Aim of the exercise. Print exactly the lines that run from the opening line of the material through the line with "- loafer [229,284,307,415]", and nothing else, leaving out pictures.
[Start of Attachment]
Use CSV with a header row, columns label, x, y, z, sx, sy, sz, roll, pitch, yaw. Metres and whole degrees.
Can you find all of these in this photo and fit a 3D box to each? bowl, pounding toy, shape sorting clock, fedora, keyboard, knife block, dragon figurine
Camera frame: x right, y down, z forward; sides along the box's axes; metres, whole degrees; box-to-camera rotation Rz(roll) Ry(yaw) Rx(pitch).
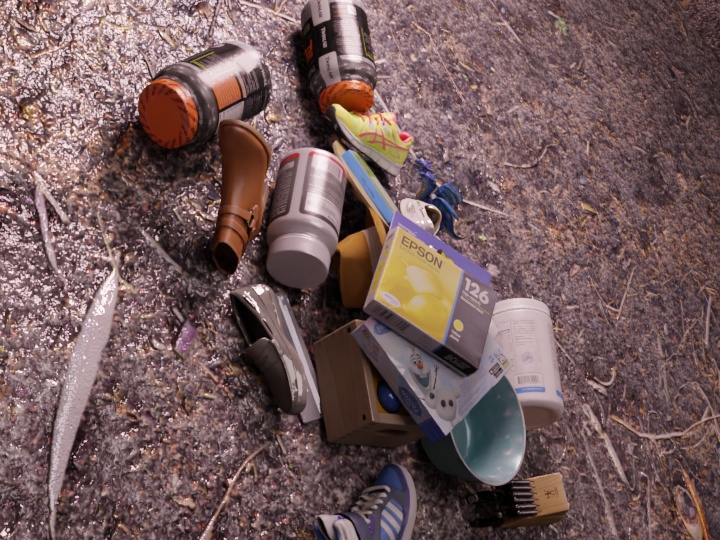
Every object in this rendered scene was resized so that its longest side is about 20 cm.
label,x,y,z,sx,sy,sz,roll,pitch,yaw
bowl,0.167,0.251,1.758,0.199,0.104,0.204,20,62,-42
pounding toy,0.052,0.157,1.663,0.198,0.141,0.187,13,58,-43
shape sorting clock,0.013,-0.135,1.845,0.201,0.039,0.200,54,8,-11
fedora,0.000,0.000,1.723,0.081,0.201,0.203,-10,70,-9
keyboard,-0.101,0.129,1.637,0.056,0.011,0.202,-11,75,-44
knife block,0.254,0.393,1.823,0.200,0.173,0.065,83,-4,-69
dragon figurine,0.149,-0.117,1.976,0.199,0.099,0.059,39,44,-23

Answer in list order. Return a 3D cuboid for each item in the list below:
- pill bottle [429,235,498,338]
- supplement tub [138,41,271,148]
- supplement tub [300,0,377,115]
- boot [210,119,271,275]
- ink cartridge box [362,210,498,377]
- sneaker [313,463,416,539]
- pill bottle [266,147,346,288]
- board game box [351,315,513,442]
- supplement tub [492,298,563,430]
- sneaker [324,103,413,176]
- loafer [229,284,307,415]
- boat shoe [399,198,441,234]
label,x,y,z,sx,sy,sz,roll,pitch,yaw
pill bottle,0.145,0.049,1.862,0.201,0.112,0.113,52,40,-11
supplement tub,-0.232,-0.261,1.630,0.123,0.122,0.200,56,40,-4
supplement tub,-0.037,-0.376,1.918,0.121,0.122,0.203,14,57,-41
boot,-0.181,-0.104,1.574,0.201,0.073,0.156,77,25,-52
ink cartridge box,0.113,0.025,1.623,0.196,0.047,0.202,32,53,-16
sneaker,0.002,0.350,1.553,0.146,0.080,0.202,34,52,-34
pill bottle,-0.086,-0.081,1.695,0.113,0.113,0.202,32,48,-29
board game box,0.111,0.118,1.628,0.199,0.043,0.200,-37,91,-42
supplement tub,0.284,0.167,1.925,0.131,0.131,0.203,23,52,-36
sneaker,0.018,-0.248,1.903,0.199,0.091,0.078,31,10,-44
loafer,-0.135,0.115,1.566,0.069,0.070,0.202,-7,65,-43
boat shoe,0.104,-0.081,1.830,0.200,0.068,0.072,-78,152,-72
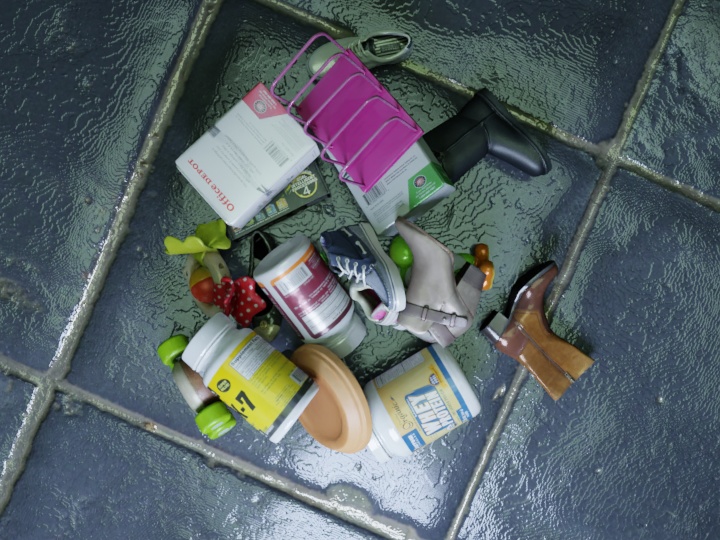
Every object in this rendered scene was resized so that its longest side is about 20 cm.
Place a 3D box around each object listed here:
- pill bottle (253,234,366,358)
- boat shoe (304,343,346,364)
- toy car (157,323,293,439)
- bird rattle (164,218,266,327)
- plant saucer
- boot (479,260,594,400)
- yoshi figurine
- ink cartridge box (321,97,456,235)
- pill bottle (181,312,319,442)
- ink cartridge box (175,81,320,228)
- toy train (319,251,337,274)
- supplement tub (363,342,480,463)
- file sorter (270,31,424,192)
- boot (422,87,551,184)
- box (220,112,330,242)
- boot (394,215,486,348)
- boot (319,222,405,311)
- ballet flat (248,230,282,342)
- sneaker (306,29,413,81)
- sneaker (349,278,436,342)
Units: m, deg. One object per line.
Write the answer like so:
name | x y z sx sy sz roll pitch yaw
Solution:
pill bottle | -0.081 0.051 1.050 0.114 0.114 0.201 -35 109 0
boat shoe | -0.057 0.212 1.117 0.073 0.060 0.203 -13 90 5
toy car | -0.221 0.165 1.081 0.199 0.158 0.165 -31 75 -15
bird rattle | -0.251 0.016 1.075 0.112 0.163 0.201 -32 84 -39
plant saucer | -0.062 0.221 1.033 0.037 0.199 0.202 -27 91 -37
boot | 0.347 0.107 1.114 0.199 0.068 0.189 39 90 -2
yoshi figurine | 0.133 -0.019 1.097 0.197 0.113 0.113 -2 75 2
ink cartridge box | 0.047 -0.182 1.060 0.146 0.083 0.201 -35 78 20
pill bottle | -0.173 0.164 0.968 0.199 0.114 0.115 38 91 3
ink cartridge box | -0.189 -0.192 1.049 0.200 0.083 0.147 -43 89 0
toy train | -0.064 -0.009 1.125 0.199 0.042 0.057 -31 81 0
supplement tub | 0.094 0.232 1.077 0.199 0.145 0.146 -31 91 0
file sorter | -0.027 -0.251 0.979 0.139 0.125 0.201 -44 74 17
boot | 0.217 -0.203 1.100 0.168 0.076 0.201 -41 84 -3
box | -0.174 -0.166 1.114 0.198 0.049 0.163 -25 88 1
boot | 0.104 0.026 1.003 0.199 0.070 0.147 35 94 1
boot | 0.000 0.000 1.005 0.089 0.201 0.073 -12 131 -15
ballet flat | -0.177 0.027 1.090 0.066 0.057 0.203 -11 73 12
sneaker | -0.002 -0.392 1.099 0.198 0.071 0.074 -17 91 0
sneaker | 0.057 0.067 1.065 0.199 0.088 0.082 34 132 4
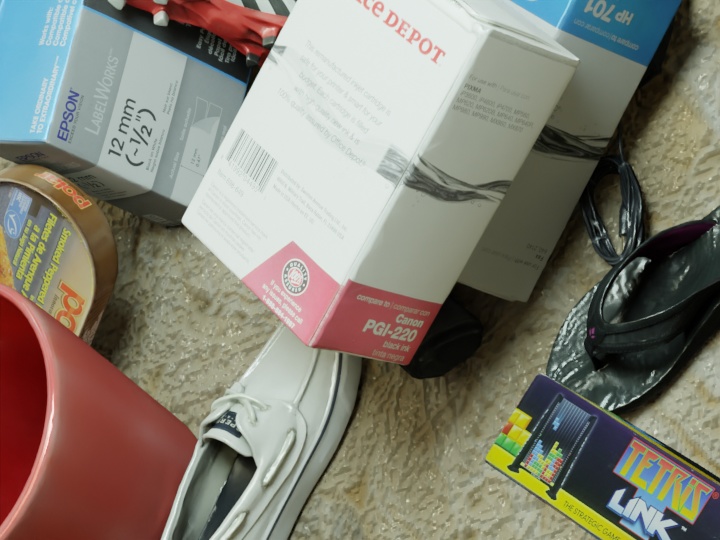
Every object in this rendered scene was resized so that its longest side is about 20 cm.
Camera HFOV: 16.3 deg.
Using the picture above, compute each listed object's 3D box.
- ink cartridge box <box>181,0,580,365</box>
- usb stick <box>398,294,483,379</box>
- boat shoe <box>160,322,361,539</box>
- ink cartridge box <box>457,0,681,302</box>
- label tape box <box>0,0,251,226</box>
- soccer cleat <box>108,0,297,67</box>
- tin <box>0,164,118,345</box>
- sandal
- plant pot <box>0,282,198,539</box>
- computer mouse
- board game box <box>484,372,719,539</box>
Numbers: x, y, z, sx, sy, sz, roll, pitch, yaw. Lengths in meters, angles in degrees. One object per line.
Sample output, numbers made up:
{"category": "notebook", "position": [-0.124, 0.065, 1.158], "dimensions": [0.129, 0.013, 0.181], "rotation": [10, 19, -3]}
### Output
{"category": "ink cartridge box", "position": [0.008, -0.071, 1.376], "dimensions": [0.146, 0.085, 0.200], "rotation": [43, 112, 43]}
{"category": "usb stick", "position": [0.000, 0.000, 1.503], "dimensions": [0.055, 0.033, 0.200], "rotation": [-28, 43, -19]}
{"category": "boat shoe", "position": [-0.065, 0.102, 1.491], "dimensions": [0.072, 0.066, 0.200], "rotation": [21, 83, 43]}
{"category": "ink cartridge box", "position": [0.071, -0.105, 1.444], "dimensions": [0.146, 0.086, 0.200], "rotation": [37, 103, 44]}
{"category": "label tape box", "position": [-0.168, -0.129, 1.591], "dimensions": [0.066, 0.200, 0.144], "rotation": [-6, 66, 49]}
{"category": "soccer cleat", "position": [-0.096, -0.190, 1.576], "dimensions": [0.069, 0.200, 0.085], "rotation": [-36, 36, 43]}
{"category": "tin", "position": [-0.219, 0.022, 1.605], "dimensions": [0.112, 0.042, 0.200], "rotation": [36, 127, 14]}
{"category": "sandal", "position": [0.171, 0.004, 1.360], "dimensions": [0.200, 0.048, 0.075], "rotation": [-41, 50, 16]}
{"category": "plant pot", "position": [-0.197, 0.124, 1.511], "dimensions": [0.200, 0.177, 0.201], "rotation": [-18, 59, 33]}
{"category": "computer mouse", "position": [0.157, -0.095, 1.437], "dimensions": [0.059, 0.034, 0.200], "rotation": [-8, 71, 45]}
{"category": "board game box", "position": [0.180, 0.137, 1.208], "dimensions": [0.200, 0.165, 0.057], "rotation": [33, 93, 43]}
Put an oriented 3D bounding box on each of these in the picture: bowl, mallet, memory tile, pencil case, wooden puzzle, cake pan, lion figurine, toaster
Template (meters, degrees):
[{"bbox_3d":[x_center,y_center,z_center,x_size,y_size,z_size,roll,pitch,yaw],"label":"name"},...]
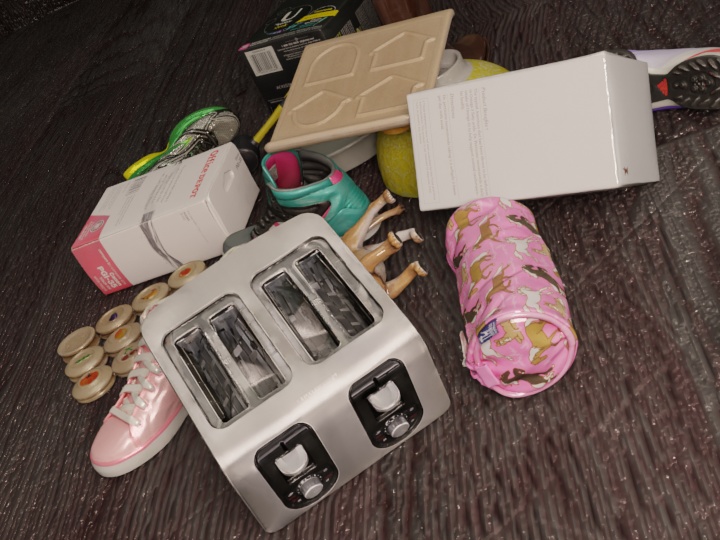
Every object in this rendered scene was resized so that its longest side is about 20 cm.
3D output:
[End of Attachment]
Solved exercise.
Use CSV with a header row, columns label, x, y, z, sx, sy, sz, roll, pitch, yaw. Metres and whole degrees.
Can you find all of these in this photo and fit a 3D box to each? bowl, pounding toy, shape sorting clock, fedora, keyboard, knife block, dragon figurine
Camera frame: x right, y down, z forward; sides along the box's axes; metres, whole degrees; box-to-camera rotation Rz(roll) Ry(yaw) Rx(pitch).
Every object in this rendered scene was resized so that its longest side is about 20 cm.
label,x,y,z,sx,sy,sz,roll,pitch,yaw
bowl,0.167,0.251,1.758,0.199,0.104,0.204,20,62,-42
pounding toy,0.052,0.157,1.663,0.198,0.141,0.187,13,58,-43
shape sorting clock,0.013,-0.135,1.845,0.201,0.039,0.200,54,8,-11
fedora,0.000,0.000,1.723,0.081,0.201,0.203,-10,70,-9
keyboard,-0.101,0.129,1.637,0.056,0.011,0.202,-11,75,-44
knife block,0.254,0.393,1.823,0.200,0.173,0.065,83,-4,-69
dragon figurine,0.149,-0.117,1.976,0.199,0.099,0.059,39,44,-23

Answer in list order. Return a 3D cuboid for each item in the list below:
- pill bottle [429,235,498,338]
- supplement tub [138,41,271,148]
- supplement tub [300,0,377,115]
- boot [210,119,271,275]
- ink cartridge box [362,210,498,377]
- sneaker [313,463,416,539]
- pill bottle [266,147,346,288]
- board game box [351,315,513,442]
- supplement tub [492,298,563,430]
- sneaker [324,103,413,176]
- loafer [229,284,307,415]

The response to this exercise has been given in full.